- _Brief_
Beginning at the line containing "Now the cardboard box (728,50,752,67).", output every line to the end of the data below exactly as it appears.

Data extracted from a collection
============

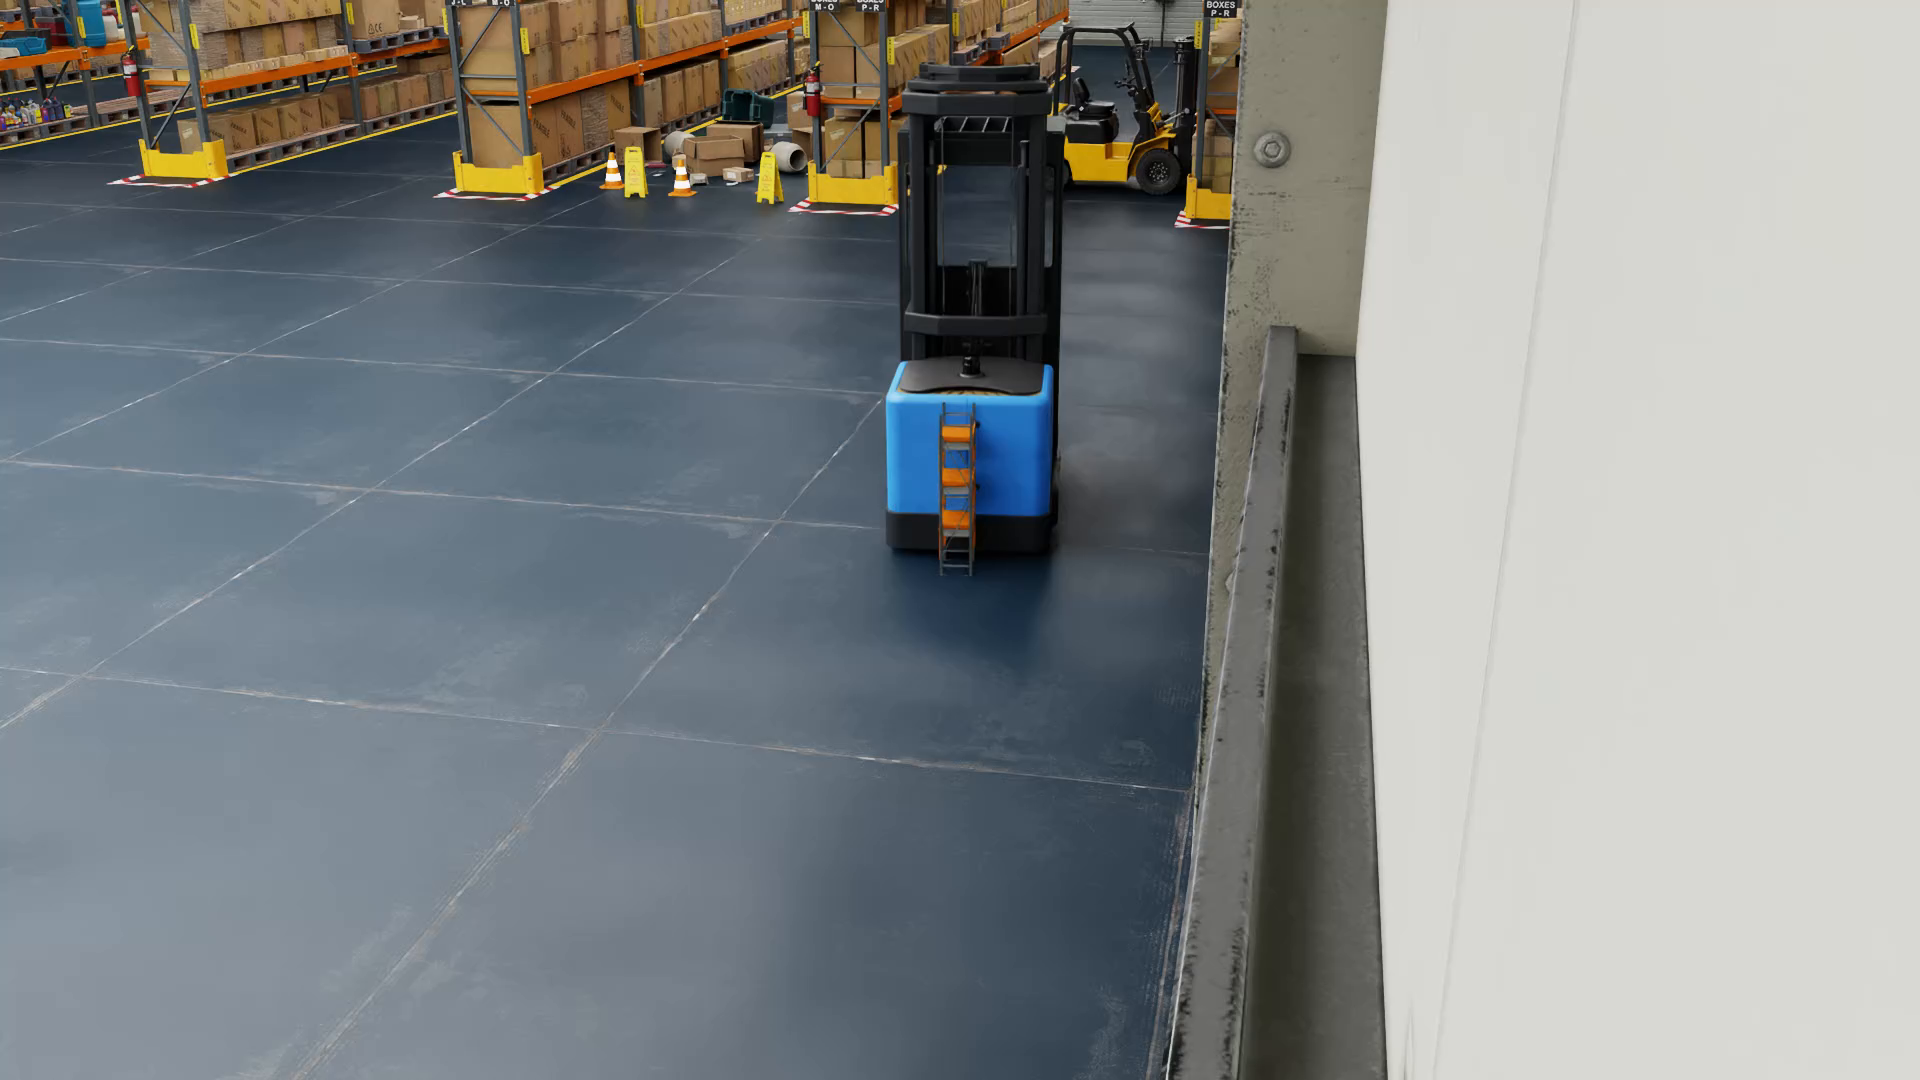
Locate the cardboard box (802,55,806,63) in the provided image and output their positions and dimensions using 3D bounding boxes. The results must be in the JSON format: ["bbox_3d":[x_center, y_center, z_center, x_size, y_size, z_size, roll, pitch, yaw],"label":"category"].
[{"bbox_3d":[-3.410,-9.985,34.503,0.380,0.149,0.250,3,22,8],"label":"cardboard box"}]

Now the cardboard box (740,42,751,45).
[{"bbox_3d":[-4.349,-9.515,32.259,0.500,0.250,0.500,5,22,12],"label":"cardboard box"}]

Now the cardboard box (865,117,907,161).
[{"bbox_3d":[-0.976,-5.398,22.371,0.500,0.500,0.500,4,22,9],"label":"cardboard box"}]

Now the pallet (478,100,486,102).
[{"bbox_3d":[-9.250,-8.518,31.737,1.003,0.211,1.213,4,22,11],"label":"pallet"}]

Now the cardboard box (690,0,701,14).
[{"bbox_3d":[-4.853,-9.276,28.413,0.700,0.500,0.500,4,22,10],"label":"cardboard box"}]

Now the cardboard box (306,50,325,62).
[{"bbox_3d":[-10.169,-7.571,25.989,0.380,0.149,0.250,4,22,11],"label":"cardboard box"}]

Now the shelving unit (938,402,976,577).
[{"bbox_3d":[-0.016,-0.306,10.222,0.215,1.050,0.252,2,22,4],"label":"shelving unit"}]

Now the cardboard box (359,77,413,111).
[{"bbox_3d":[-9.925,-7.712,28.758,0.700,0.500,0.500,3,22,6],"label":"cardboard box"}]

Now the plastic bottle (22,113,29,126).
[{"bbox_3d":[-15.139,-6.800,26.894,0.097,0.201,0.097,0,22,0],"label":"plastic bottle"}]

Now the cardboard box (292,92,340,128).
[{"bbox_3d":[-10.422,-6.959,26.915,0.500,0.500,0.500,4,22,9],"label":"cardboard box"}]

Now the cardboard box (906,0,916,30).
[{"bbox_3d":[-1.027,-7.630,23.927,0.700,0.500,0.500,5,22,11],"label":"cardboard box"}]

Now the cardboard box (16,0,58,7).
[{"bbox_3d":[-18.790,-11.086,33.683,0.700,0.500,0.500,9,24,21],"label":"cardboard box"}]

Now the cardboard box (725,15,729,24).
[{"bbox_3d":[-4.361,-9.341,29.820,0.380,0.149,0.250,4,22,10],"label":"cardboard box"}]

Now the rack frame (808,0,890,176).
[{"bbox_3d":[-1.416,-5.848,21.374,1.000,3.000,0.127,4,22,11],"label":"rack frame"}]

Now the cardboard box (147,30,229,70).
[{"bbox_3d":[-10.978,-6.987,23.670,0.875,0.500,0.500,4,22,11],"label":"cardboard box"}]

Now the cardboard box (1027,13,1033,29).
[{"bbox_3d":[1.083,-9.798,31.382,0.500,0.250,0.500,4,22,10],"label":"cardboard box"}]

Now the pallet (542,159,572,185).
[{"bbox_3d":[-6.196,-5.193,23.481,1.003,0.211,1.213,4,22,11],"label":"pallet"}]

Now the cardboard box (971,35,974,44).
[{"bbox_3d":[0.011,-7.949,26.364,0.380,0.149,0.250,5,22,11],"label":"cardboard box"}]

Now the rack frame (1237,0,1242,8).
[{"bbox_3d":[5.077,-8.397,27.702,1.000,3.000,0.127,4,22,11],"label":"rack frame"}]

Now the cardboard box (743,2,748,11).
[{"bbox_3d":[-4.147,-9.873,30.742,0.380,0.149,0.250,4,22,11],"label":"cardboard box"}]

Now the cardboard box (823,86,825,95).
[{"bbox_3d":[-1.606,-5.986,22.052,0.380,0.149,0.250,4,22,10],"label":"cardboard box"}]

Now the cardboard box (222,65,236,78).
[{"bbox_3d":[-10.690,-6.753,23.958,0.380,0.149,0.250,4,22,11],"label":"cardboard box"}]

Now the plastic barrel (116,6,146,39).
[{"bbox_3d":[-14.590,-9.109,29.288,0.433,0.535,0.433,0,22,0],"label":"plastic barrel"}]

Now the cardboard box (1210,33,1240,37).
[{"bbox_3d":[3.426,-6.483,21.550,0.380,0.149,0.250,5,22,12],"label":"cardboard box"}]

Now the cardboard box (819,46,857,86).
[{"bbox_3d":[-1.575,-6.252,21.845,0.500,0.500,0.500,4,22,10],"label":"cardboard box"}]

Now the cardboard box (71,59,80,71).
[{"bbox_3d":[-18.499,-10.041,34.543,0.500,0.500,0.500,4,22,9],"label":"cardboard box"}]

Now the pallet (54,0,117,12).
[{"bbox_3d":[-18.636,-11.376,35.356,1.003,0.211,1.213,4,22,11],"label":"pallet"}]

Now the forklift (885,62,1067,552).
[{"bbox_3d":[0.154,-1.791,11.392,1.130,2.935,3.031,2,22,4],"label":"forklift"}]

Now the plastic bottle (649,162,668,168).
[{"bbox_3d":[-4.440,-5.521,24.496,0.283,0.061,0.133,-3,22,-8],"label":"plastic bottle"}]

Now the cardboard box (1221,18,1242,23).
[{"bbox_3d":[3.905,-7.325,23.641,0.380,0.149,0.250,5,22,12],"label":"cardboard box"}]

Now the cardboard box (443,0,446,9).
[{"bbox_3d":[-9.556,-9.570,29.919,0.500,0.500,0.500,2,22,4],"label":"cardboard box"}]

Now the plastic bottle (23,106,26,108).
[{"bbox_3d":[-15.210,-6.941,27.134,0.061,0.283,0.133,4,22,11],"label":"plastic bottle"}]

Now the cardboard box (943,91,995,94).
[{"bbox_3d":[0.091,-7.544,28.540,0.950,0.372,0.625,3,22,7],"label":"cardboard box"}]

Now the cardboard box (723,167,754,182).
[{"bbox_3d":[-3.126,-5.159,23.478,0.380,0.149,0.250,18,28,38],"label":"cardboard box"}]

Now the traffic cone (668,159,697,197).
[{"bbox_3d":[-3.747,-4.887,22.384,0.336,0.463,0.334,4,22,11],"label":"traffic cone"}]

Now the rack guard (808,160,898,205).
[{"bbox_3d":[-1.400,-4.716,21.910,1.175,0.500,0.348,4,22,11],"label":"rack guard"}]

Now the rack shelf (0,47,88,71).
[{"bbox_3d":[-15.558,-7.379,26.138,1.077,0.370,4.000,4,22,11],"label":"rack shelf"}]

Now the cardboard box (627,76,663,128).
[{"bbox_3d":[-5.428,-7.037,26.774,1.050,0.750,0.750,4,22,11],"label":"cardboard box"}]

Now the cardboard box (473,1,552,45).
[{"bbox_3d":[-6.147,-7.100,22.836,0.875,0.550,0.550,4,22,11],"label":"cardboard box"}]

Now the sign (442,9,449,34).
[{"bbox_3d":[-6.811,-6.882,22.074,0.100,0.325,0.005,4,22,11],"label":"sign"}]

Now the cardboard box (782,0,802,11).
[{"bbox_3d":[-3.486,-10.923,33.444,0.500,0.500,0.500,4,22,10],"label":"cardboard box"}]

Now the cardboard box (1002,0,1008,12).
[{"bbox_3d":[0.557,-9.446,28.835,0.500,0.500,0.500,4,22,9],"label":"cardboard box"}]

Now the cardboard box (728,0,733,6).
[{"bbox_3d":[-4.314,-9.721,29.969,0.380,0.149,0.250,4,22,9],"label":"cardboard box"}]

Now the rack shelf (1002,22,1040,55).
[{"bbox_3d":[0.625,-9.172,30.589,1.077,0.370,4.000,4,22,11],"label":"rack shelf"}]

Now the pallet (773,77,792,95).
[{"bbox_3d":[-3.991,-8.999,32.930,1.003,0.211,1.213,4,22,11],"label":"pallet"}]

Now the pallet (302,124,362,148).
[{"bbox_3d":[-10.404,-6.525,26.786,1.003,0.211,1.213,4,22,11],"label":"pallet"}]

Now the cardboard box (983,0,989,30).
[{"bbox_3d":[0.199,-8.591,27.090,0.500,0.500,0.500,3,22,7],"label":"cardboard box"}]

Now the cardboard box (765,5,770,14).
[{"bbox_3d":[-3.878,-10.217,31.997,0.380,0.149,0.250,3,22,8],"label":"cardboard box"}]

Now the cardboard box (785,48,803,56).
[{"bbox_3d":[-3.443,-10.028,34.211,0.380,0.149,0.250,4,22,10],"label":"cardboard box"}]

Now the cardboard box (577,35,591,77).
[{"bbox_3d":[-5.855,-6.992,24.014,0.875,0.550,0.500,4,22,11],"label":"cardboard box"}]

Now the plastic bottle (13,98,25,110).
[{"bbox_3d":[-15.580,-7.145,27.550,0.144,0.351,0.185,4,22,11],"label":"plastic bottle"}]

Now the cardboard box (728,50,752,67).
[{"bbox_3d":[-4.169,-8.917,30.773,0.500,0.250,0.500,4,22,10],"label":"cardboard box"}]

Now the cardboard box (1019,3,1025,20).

============

- _Task response_
Now the cardboard box (728,50,752,67).
[{"bbox_3d":[-4.169,-8.917,30.773,0.500,0.250,0.500,4,22,10],"label":"cardboard box"}]

Now the cardboard box (1019,3,1025,20).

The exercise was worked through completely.